That's an offending statement, really. Every post on the kerrighed.users mailing
list is considered, especially regarding threads (and you surely noticed it).
The poster's identity is interesting, but not a reason for not daring to reply.

I cannot fully disclose the document but in short it reads
that Kerlabs doesn't see any benefit in developing thread migration any further.

This is quite wrong. The reasons for not making it a priority to develop threads
are publicly detailed, and even mentioned in
http://www.kerrighed.org/wiki/index.php/FAQ. Kerlabs never stated (and it's
not Kerlabs' opinion) that thread migration does not deserve being developed.

This because of the small user base that might actually use it ..... (sic)
It must have been a prank if this wasn't a genuine answer. Nothing wrong with
out-of-this-world academics, but really how can a company / management be so
ignorant for not seeing the huge benefits to the community..
About everyone I know ( in 3D ) would hook up their computers to create a mini
cluster(s) ..

And how a guy knowing nothing about Kerrighed internals (the statements above
prove it, sorry) can despise the technical reasons mentioned in
http://article.gmane.org/gmane.linux.cluster.kerrighed.user/181. Ask anyone from
the parallel and distributed community about the chances for software DSM (this
is the scientific word for memory sharing in COTS clusters) to provide
performance, and they will confirm what I stated.

So in short:

Partially because of for-mentioned reasons there's a big chance I'll fork the
project.
Another reason is that my targeted userbase is completely different > I don't
need fancy checkpointing on 500 node clusters / hot adding / removing etc...
Most users of this fork will cluster less then 10 computers ( so no need for
infiniband / myrinet ).

I've already set up a bug tracker so ....

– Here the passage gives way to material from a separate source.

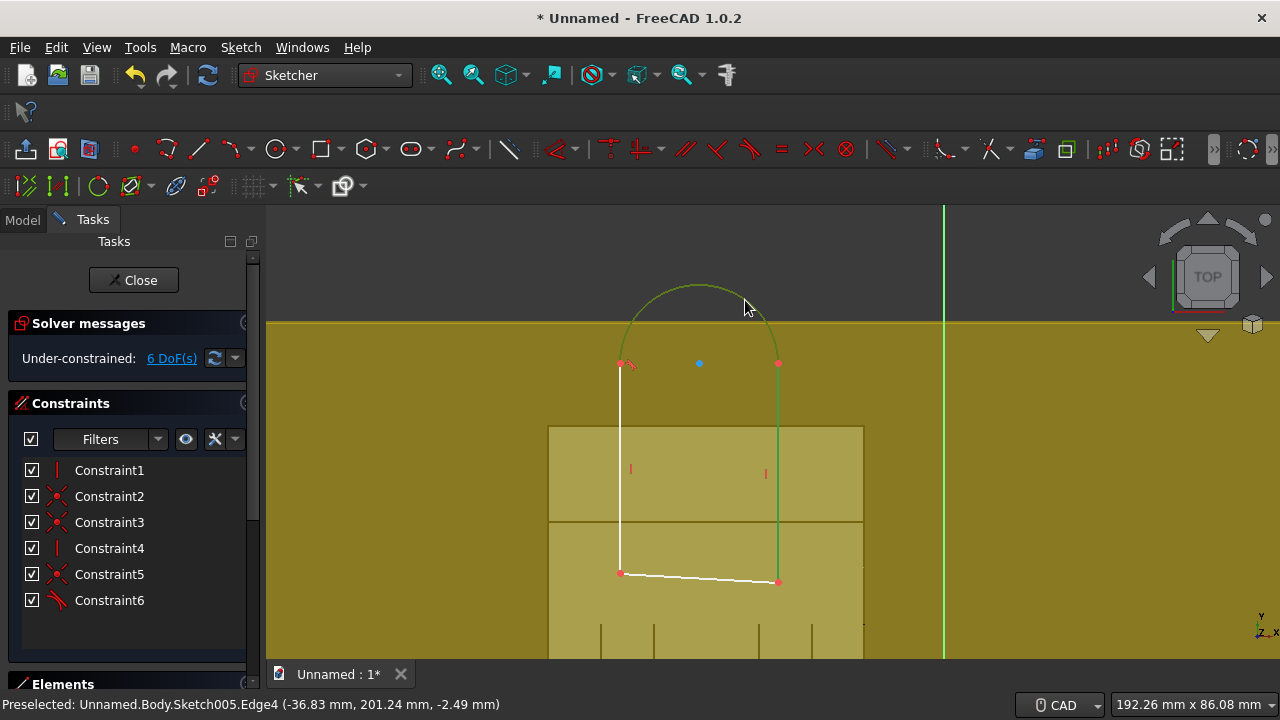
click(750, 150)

Forking is totally pointless! If you think that you can get people working on
thread migration (and seriously I doubt on this, Kerrighed is already short on
developers), why wouldn't they contribute to the original project? This is in no
way incompatible with other developments, and nobody from the Kerrighed
community ever discouraged contributions.

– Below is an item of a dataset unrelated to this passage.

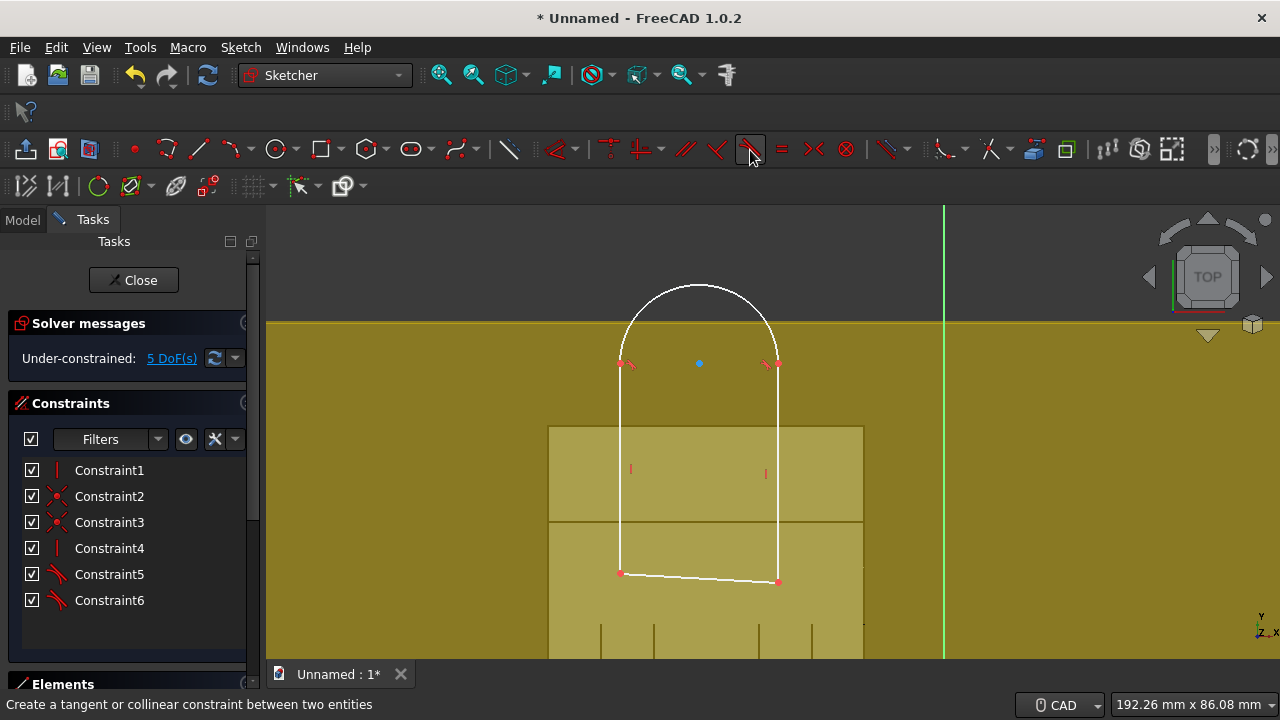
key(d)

Really, Kerrighed does need contributors (developers, testers, users' feedack, etc), not pure criticism followed by forking.

Louis

nerdopolis
July 23rd, 2009, 04:30 PM
To Artefact: Last digit of the IP or last segment? would 192.168.1.2 and 192.168.1.12 be duplicate nodes?

lrilling
July 24th, 2009, 04:57 AM
To Artefact: Last digit of the IP or last segment? would 192.168.1.2 and 192.168.1.12 be duplicate nodes?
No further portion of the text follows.